Items from a dataset
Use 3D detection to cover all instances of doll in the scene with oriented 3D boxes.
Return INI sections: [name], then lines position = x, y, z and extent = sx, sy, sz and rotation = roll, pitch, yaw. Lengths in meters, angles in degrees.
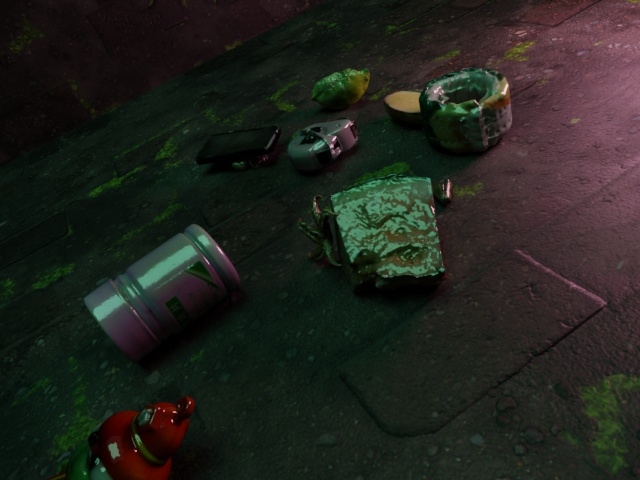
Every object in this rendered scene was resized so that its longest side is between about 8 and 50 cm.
[doll]
position = -0.369, 0.417, 0.928
extent = 0.363, 0.160, 0.182
rotation = -43, 36, 4

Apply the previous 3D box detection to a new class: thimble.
[thimble]
position = 0.433, -0.387, 1.494
extent = 0.255, 0.167, 0.288
rotation = -19, 37, 6

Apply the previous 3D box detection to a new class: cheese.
[cheese]
position = -0.280, -0.332, 1.896
extent = 0.065, 0.043, 0.193
rotation = -8, 39, 23

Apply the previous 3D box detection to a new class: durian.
[durian]
position = 0.081, -0.580, 1.930
extent = 0.250, 0.139, 0.101
rotation = -2, 48, 26

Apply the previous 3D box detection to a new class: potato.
[potato]
position = 0.305, -0.442, 1.700
extent = 0.164, 0.081, 0.200
rotation = -29, 40, -20

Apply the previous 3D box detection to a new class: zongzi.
[zongzi]
position = 0.313, -0.122, 1.347
extent = 0.083, 0.040, 0.076
rotation = -13, 44, 32

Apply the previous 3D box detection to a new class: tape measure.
[tape measure]
position = -0.013, -0.315, 1.681
extent = 0.236, 0.120, 0.197
rotation = 1, 46, 35

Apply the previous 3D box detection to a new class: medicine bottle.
[medicine bottle]
position = -0.389, 0.128, 1.260
extent = 0.326, 0.212, 0.212
rotation = -38, 40, -20

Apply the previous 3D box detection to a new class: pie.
[pie]
position = -0.073, -0.400, 1.890
extent = 0.085, 0.019, 0.084
rotation = -14, 38, 11

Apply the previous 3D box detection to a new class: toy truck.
[toy truck]
position = -0.232, -0.303, 1.841
extent = 0.044, 0.039, 0.083
rotation = 16, 53, 46

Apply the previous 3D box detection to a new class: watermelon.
[watermelon]
position = 0.158, 0.007, 1.201
extent = 0.265, 0.151, 0.301
rotation = -11, 56, 11

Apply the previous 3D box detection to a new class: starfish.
[starfish]
position = 0.007, -0.002, 1.244
extent = 0.057, 0.213, 0.238
rotation = -13, 47, -23

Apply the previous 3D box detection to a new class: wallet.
[wallet]
position = -0.305, -0.357, 1.868
extent = 0.318, 0.045, 0.172
rotation = -4, 46, 23
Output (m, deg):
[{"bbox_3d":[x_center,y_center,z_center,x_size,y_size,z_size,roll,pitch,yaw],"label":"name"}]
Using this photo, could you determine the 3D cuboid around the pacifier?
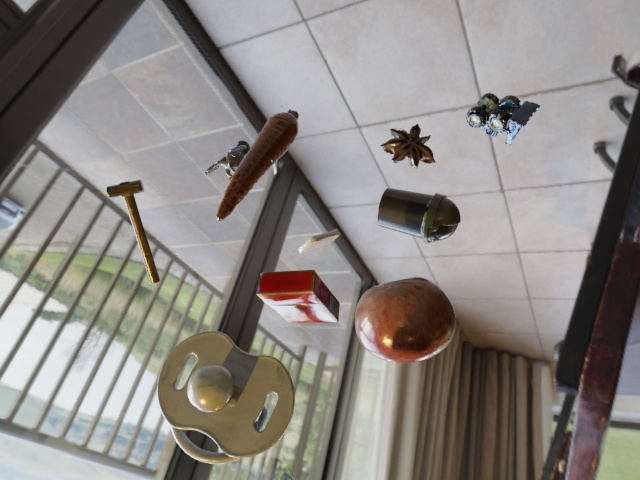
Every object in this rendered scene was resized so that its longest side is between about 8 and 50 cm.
[{"bbox_3d":[-0.200,0.297,0.893,0.287,0.238,0.226,25,159,14],"label":"pacifier"}]

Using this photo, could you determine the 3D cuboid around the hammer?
[{"bbox_3d":[-0.611,-0.020,1.578,0.111,0.043,0.366,-13,111,-10],"label":"hammer"}]

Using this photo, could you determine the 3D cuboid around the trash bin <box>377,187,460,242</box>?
[{"bbox_3d":[0.424,-0.105,1.984,0.333,0.214,0.214,13,149,22],"label":"trash bin"}]

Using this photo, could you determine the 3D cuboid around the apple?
[{"bbox_3d":[0.282,0.251,1.575,0.344,0.344,0.270,-2,102,25],"label":"apple"}]

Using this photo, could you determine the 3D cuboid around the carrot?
[{"bbox_3d":[-0.118,-0.158,0.898,0.069,0.336,0.069,17,141,15],"label":"carrot"}]

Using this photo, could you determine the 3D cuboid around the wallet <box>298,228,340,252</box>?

- YOUR GOAL:
Some lines above hold the word "roll". Copy all of them.

- ANSWER BOX:
Return INI sections: [name], then lines position = x, y, z and extent = sx, sy, sz and rotation = roll, pitch, yaw. Lengths in meters, angles in degrees.
[{"bbox_3d":[x_center,y_center,z_center,x_size,y_size,z_size,roll,pitch,yaw],"label":"name"}]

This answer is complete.